Sunday, August 19, 2012

Curiosity

I got to thinking recently about my incessant curiosity as a child.  While I was growing up, our encyclopedia became dog-eared.  I made good grades because I read everything I could get my hands on.  I wanted to become a librarian until I discovered that nobody can live on that salary.  Even though I continually sought facts in books, I seldom found anything revealing what I really wanted to know.

My thirst for details came from a childhood during which the only matters the family discussed in my presence were this year's cotton crop, those uppity niggras, and the Communist threat of the Cold War.  Heads between your knees - everybody!  And heaven forbid I ask any questions about my parents. [see Queen for a Day]  My brother & I had different fathers, and I was unaware of this until my Auntie Mabel cleverly let it slip into conversation while I was in the room.  When I was fourteen years old, fer God's sake.

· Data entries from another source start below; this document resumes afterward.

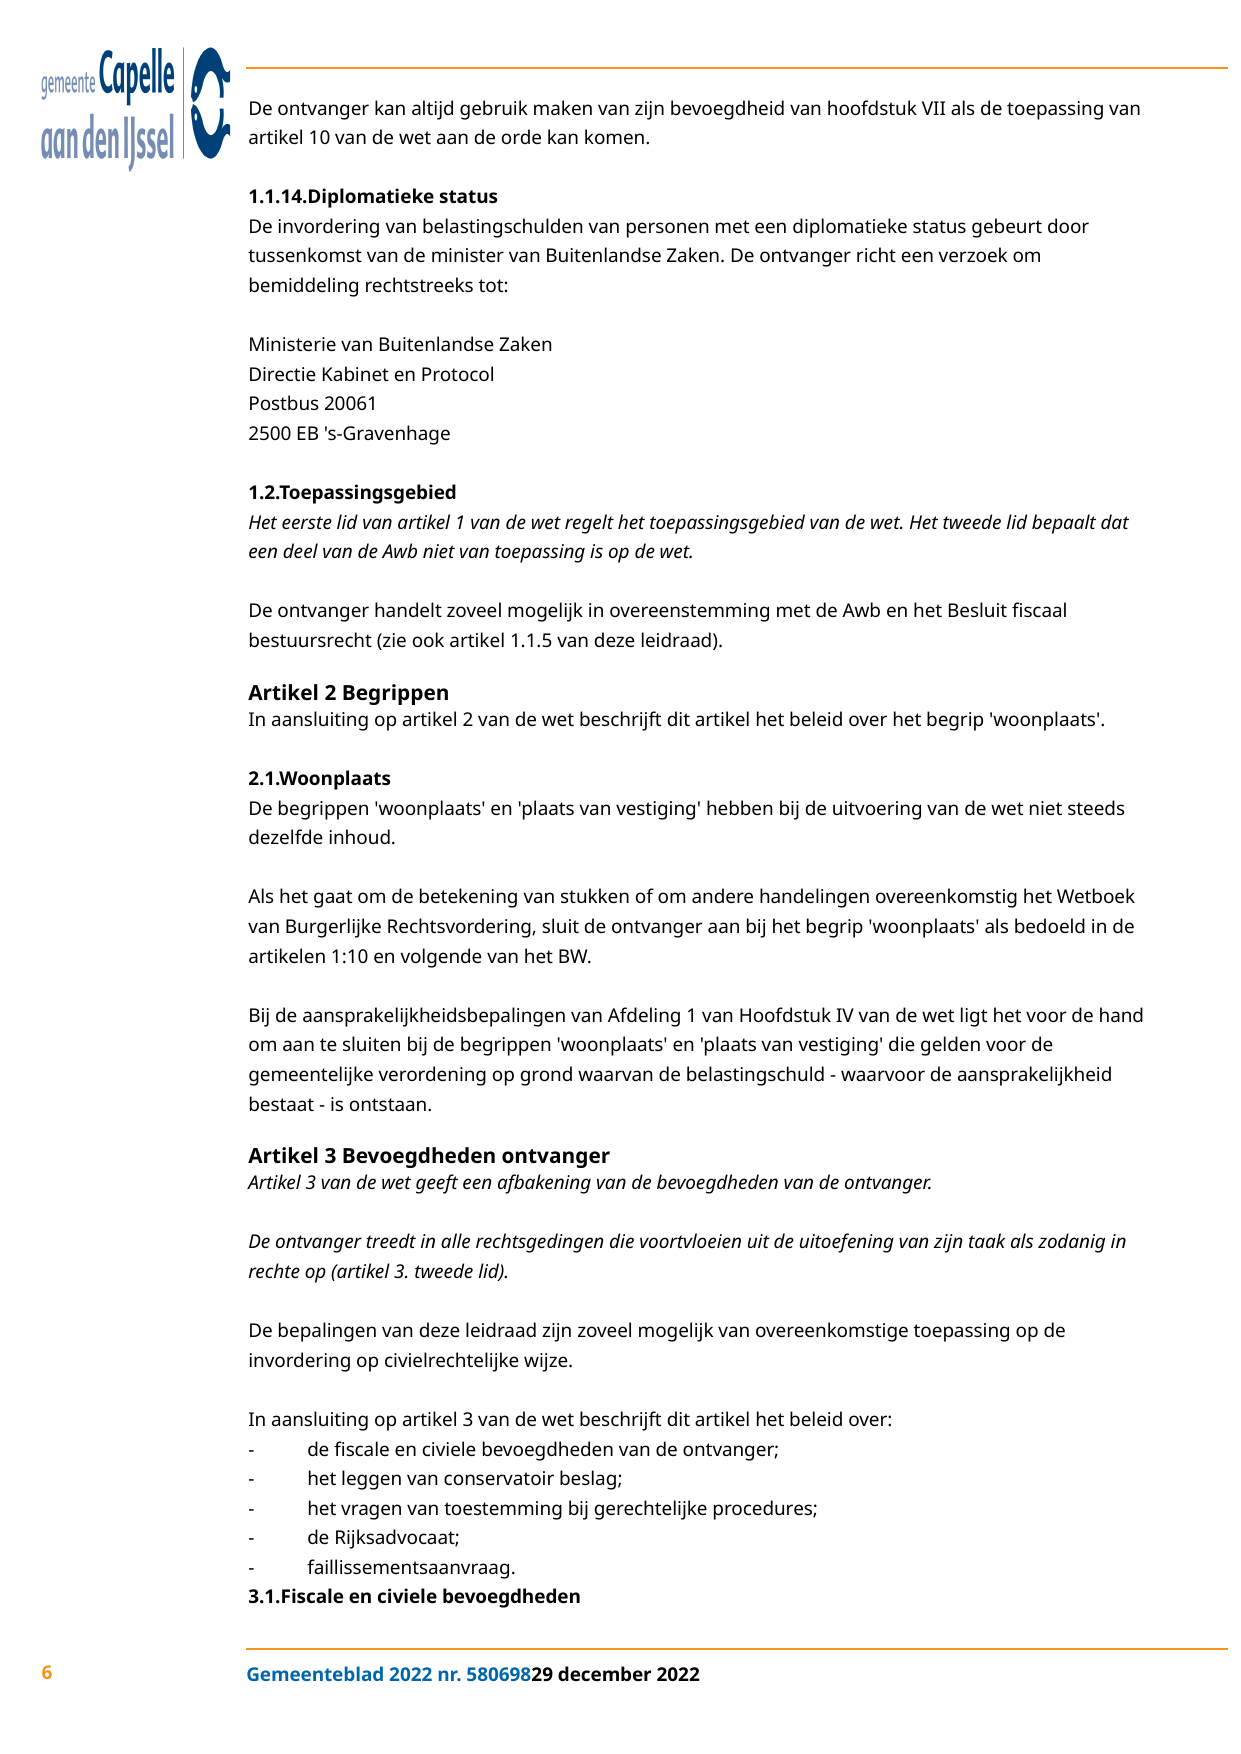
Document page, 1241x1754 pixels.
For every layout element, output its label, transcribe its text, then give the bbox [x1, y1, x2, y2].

text Als het gaat om de betekening van stukken of om andere handelingen overeenkomstig het Wetboek van Burgerlijke Rechtsvordering, sluit de ontvanger aan bij het begrip 'woonplaats' als bedoeld in de artikelen 1:10 en volgende van het BW. [248, 884, 1152, 968]
text Ministerie van Buitenlandse Zaken [248, 331, 1152, 357]
text De ontvanger treedt in alle rechtsgedingen die voortvloeien uit de uitoefening van zijn taak als zodanig in rechte op (artikel 3. tweede lid). [248, 1229, 1152, 1284]
text Artikel 3 van de wet geeft een afbakening van de bevoegdheden van de ontvanger. [248, 1169, 1152, 1195]
list het vragen van toestemming bij gerechtelijke procedures; [248, 1495, 1152, 1521]
list de fiscale en civiele bevoegdheden van de ontvanger; [248, 1436, 1152, 1462]
list faillissementsaanvraag. [248, 1554, 1152, 1580]
picture [41, 47, 231, 172]
text Postbus 20061 [248, 391, 1152, 416]
list het leggen van conservatoir beslag; [248, 1465, 1152, 1491]
text 3.1.Fiscale en civiele bevoegdheden [248, 1584, 1152, 1609]
text De bepalingen van deze leidraad zijn zoveel mogelijk van overeenkomstige toepassing op de invordering op civielrechtelijke wijze. [248, 1317, 1152, 1373]
text In aansluiting op artikel 2 van de wet beschrijft dit artikel het beleid over het begrip 'woonplaats'. [248, 706, 1152, 732]
text 2500 EB 's-Gravenhage [248, 420, 1152, 446]
text De invordering van belastingschulden van personen met een diplomatieke status gebeurt door tussenkomst van de minister van Buitenlandse Zaken. De ontvanger richt een verzoek om bemiddeling rechtstreeks tot: [248, 213, 1152, 298]
text Het eerste lid van artikel 1 van de wet regelt het toepassingsgebied van de wet. Het tweede lid bepaalt dat een deel van de Awb niet van toepassing is op de wet. [248, 509, 1152, 564]
text De begrippen 'woonplaats' en 'plaats van vestiging' hebben bij de uitvoering van de wet niet steeds dezelfde inhoud. [248, 795, 1152, 850]
text Directie Kabinet en Protocol [248, 361, 1152, 387]
text 1.2.Toepassingsgebied [248, 479, 1152, 505]
text In aansluiting op artikel 3 van de wet beschrijft dit artikel het beleid over: [248, 1406, 1152, 1432]
text 1.1.14.Diplomatieke status [248, 183, 1152, 209]
text Artikel 2 Begrippen [248, 678, 1152, 706]
text Bij de aansprakelijkheidsbepalingen van Afdeling 1 van Hoofdstuk IV van de wet ligt het voor de hand om aan te sluiten bij de begrippen 'woonplaats' en 'plaats van vestiging' die gelden voor de gemeentelijke verordening op grond waarvan de belastingschuld - waarvoor de aansprakelijkheid bestaat - is ontstaan. [248, 1002, 1152, 1116]
text De ontvanger handelt zoveel mogelijk in overeenstemming met de Awb en het Besluit fiscaal bestuursrecht (zie ook artikel 1.1.5 van deze leidraad). [248, 598, 1152, 653]
text De ontvanger kan altijd gebruik maken van zijn bevoegdheid van hoofdstuk VII als de toepassing van artikel 10 van de wet aan de orde kan komen. [248, 95, 1152, 150]
list de Rijksadvocaat; [248, 1524, 1152, 1550]
text Artikel 3 Bevoegdheden ontvanger [248, 1141, 1152, 1169]
text 2.1.Woonplaats [248, 765, 1152, 791]

I was raised by my Grandmother, Ava.  I called her “Mom”.  Auntie Mabel was Mom’s sister.  Being pretty clueless about picking up on vibes back then, I didn’t sense the tension in the air when Mabel suddenly remembered she had something to do, and backed out of our driveway in a cloud of dust.  Mom was still holding her hand over her heart as she sat down with me to do some explaining.

I had known since early childhood that my parents died when I was two. I was only told that my dad was killed in a butane explosion and my mother died soon after from breast cancer.  The end.  No more questions please.  It was like a memorized litany, which I repeated to others when asked.

The following details I unearthed for myself decades later.  I did some creative Googling, found some newspaper articles and, amazingly, Johnny and Kathryn’s death certificates.


Kathryn was diagnosed with breast cancer and had surgery when I was barely one year old.  The following summer, in May, Johnny was cleaning his warehouse floor with butane-powered equipment.  It somehow ignited, causing an explosion.  He died the next day from his burns.




















The following July, Kathryn lost her life to the cancer.  This was 12 days after my second birthday, and 9 days after my brother turned 12.




















I was too young then to recall anything about these folks later on.  Not the sound of their voices or the look in their eyes - nothing.  I do not see anybody that looks familiar when I view their photos.  

But I do recall another event with cinematic clarity.  Mom (Ava) takes me inside a portrait studio to be photographed.  The photographer uses a Mickey Mouse in an airplane to coax giggles from me.  I’m wearing a little yellow sun-dress with ruffles, and I complain about the fact that it has a serious side-boob problem.  Mom is annoyed that I waited until we were driving there before I voiced my discontent, and it was too late to go back home.


Mickey totally cracked me up with his airplane, and my wardrobe malfunction worries vanished.  Much later on, probably in my teen years, I mentioned this memory to Mabel and Mom.  Their jaws dropped in shock.  My experience in the studio took place only days after Kathryn’s funeral.  Huh.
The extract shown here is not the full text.